(Dataset items)
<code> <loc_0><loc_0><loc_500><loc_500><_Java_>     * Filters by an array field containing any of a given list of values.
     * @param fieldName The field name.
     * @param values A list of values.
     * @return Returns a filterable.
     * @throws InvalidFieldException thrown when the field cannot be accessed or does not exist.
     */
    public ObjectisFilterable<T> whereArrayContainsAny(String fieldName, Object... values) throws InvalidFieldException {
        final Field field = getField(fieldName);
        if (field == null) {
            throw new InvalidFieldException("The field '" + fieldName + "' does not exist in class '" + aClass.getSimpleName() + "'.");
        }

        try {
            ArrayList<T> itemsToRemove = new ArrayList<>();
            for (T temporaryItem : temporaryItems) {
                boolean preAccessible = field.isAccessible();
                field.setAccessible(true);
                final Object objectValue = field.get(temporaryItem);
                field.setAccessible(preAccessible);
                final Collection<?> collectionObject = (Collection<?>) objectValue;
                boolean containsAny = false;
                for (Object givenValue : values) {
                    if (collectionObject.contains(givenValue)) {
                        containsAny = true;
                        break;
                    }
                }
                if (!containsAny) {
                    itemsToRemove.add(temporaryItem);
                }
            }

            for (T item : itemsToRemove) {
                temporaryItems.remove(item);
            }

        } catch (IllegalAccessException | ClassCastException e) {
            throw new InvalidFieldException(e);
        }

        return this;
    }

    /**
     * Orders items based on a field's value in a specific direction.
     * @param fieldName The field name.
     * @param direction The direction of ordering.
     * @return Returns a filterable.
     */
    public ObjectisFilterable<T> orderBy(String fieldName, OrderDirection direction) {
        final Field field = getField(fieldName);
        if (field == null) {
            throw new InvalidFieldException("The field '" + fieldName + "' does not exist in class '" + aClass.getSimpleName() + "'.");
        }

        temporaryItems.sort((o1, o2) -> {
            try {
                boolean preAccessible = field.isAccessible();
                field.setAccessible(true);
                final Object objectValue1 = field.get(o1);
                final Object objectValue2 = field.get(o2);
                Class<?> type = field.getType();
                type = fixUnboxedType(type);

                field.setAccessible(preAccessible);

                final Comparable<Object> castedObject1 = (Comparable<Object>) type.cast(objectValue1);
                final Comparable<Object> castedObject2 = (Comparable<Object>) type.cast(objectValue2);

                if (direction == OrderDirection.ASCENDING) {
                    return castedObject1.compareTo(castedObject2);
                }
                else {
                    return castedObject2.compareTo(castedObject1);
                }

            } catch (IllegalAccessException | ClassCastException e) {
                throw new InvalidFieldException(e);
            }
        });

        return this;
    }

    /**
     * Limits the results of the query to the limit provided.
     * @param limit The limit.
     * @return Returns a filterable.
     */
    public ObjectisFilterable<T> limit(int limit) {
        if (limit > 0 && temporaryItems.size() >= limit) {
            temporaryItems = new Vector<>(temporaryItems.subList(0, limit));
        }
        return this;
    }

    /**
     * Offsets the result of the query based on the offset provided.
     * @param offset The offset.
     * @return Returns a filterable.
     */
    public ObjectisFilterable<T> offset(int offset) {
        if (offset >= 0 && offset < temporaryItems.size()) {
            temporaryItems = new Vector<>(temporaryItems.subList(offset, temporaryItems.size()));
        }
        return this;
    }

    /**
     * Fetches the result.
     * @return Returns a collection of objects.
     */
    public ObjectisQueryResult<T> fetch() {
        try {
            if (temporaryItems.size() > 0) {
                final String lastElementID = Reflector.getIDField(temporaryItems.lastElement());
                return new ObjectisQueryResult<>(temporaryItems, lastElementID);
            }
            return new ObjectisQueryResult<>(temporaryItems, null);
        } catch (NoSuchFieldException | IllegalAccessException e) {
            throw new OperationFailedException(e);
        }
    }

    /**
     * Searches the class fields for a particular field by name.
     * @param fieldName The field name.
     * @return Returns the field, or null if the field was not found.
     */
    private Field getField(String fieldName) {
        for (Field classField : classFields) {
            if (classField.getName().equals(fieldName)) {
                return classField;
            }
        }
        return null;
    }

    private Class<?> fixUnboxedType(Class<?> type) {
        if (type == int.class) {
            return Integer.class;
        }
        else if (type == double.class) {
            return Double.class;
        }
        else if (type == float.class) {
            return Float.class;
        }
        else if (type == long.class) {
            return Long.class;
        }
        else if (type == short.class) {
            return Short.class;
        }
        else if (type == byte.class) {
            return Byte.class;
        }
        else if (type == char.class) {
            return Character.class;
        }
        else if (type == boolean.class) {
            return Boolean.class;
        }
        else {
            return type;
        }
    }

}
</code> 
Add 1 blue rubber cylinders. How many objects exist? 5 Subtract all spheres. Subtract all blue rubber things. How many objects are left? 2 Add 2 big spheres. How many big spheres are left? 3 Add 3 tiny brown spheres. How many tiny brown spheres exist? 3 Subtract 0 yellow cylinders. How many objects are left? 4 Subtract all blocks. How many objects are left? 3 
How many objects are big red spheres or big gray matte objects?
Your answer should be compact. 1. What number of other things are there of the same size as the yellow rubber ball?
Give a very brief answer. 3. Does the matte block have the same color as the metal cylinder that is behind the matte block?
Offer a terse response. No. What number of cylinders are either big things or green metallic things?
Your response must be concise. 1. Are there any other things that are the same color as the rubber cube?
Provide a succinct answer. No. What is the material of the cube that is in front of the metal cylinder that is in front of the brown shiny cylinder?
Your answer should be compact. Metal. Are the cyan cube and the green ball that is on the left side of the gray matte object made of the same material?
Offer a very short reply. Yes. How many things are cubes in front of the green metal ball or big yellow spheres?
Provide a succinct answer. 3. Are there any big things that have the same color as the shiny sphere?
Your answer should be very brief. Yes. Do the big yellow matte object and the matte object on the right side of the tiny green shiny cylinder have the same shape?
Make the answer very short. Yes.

### [Exercise goal]
Output the lines above exactly, but only those between the line holding "return classField;" and the line holding "else if (type == char.class)", inclusive.

### [Output for this exercise]
                return classField;
            }
        }
        return null;
    }

    private Class<?> fixUnboxedType(Class<?> type) {
        if (type == int.class) {
            return Integer.class;
        }
        else if (type == double.class) {
            return Double.class;
        }
        else if (type == float.class) {
            return Float.class;
        }
        else if (type == long.class) {
            return Long.class;
        }
        else if (type == short.class) {
            return Short.class;
        }
        else if (type == byte.class) {
            return Byte.class;
        }
        else if (type == char.class) {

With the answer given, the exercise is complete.